Saturday, December 5, 2015

In Which 3d Printing Saves Christmas

Certain persons I am married to have a nativity set to which there is considerable sentimental value attached.

 If it looks a bit worn, it's because it's probably older than anyone reading this. Possibly their parents. Maybe their grandparents. It was a wedding gift to Stephanie's grandparents when they got married, the same day the Americans and Filipinos recaptured Manila from the Japanese.

The barn/animal shelter part of the set has a little hole in the back where a light can be put in and shine through the star-shaped opening in front, for the better guidance of a trio of either monarchs or Zoroastrians.

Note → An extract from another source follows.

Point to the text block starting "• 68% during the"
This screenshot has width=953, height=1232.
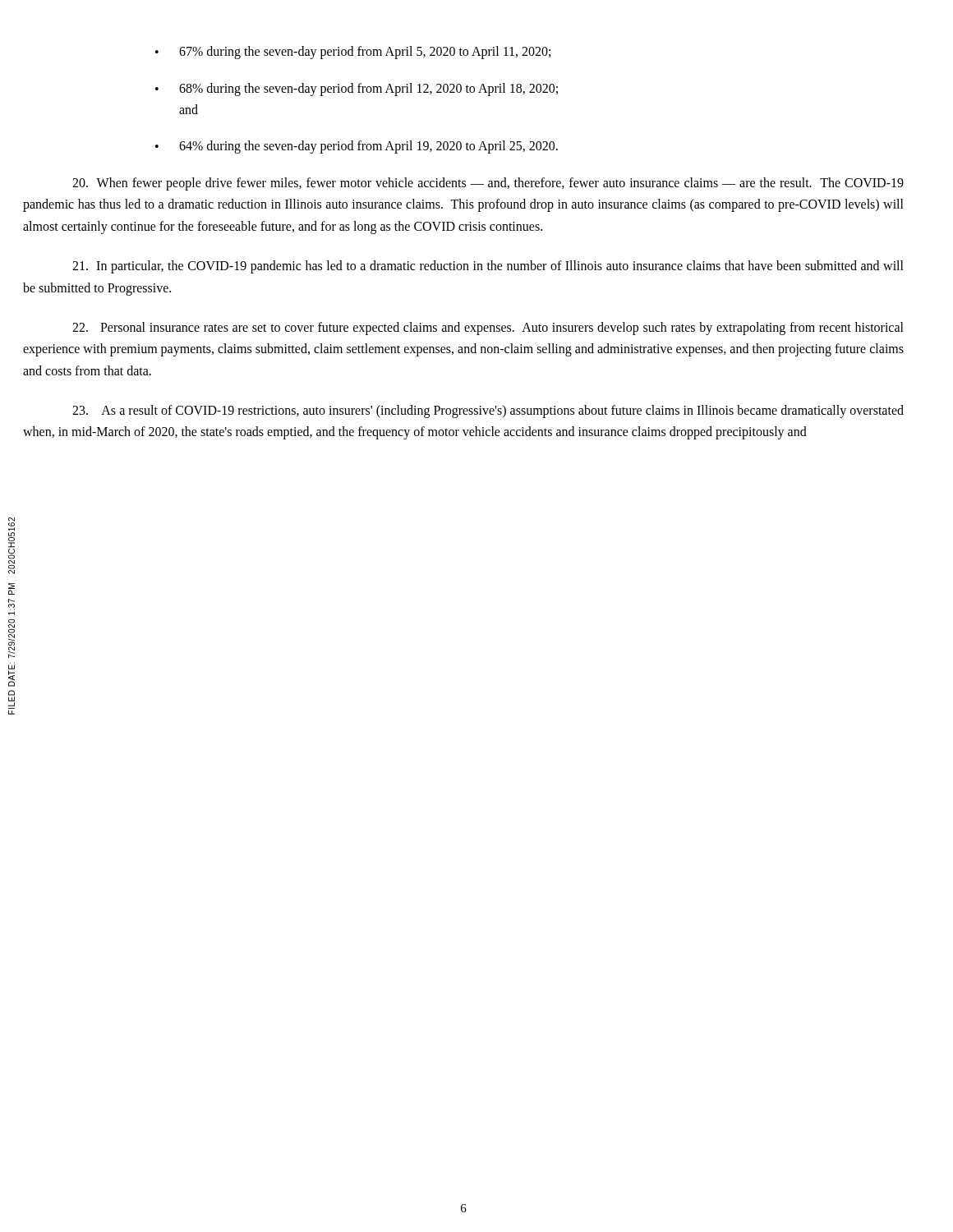[x=529, y=99]

In past generations, they'd used a cord with a single Christmas tree light to light it up, but in the 21st century, I figured it was time for something better. By which I mean, of course, time to throw vastly too much technology at the problem.

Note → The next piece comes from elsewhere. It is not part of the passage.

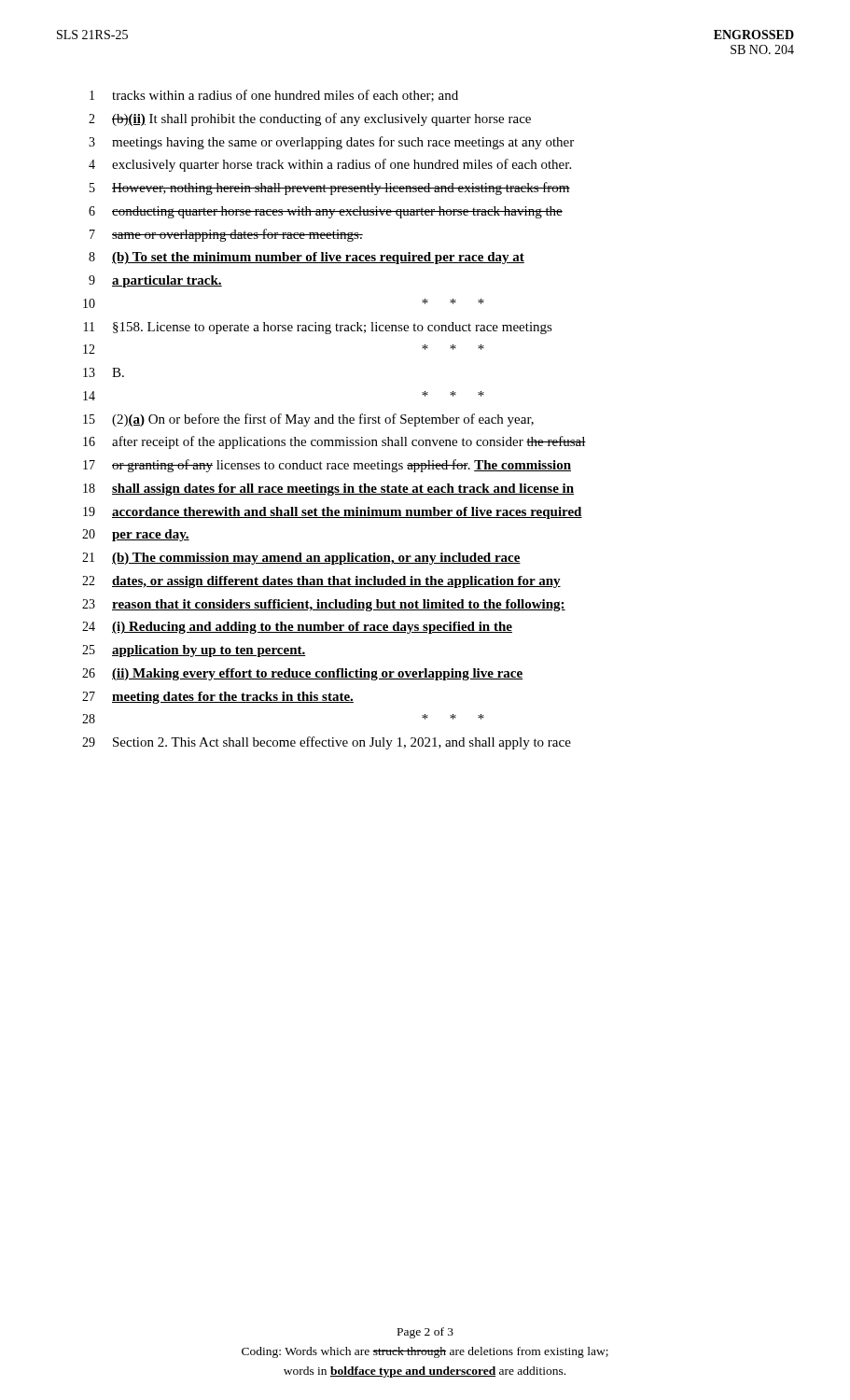850x1400 pixels.
Task: Click on the list item containing "27 meeting dates for"
Action: 218,698

We had some battery powered tea lights kicking around, which seemed about right, but how to get one to shine through the hole? My first thought was to make a tall stand for the light with the 3d printer. However, that turned out to be just slightly bigger than the largest dimension my printer could handle, so I had to rethink the design. What I settled on was a holder for the tea light with a little clip on the front so that it could hang on the edge of the hole. It's ultimately a better design, since it uses far less material than the freestanding approach would have.



Turn it on, and you get the warm flickering glow of a far-off nova shining on a bunch of plaster figures.


So merry cookie season, everyone!

Sunday, October 25, 2015

Art Deco Switch Plate

Every since we moved into this house, over a decade ago, we've had the dull old plastic switch plate which was here before us. With the 3d printer, we can't very well have that, now, can we? However, unlike the Doors of Durin in the dining room, certain persons I'm married to wanted something better fitting the age of the house (constructed in 1930). I dug up some art deco designs and went through the usual process to turn that into a 3d shape, then superimposed that on a two-gang switch plate design.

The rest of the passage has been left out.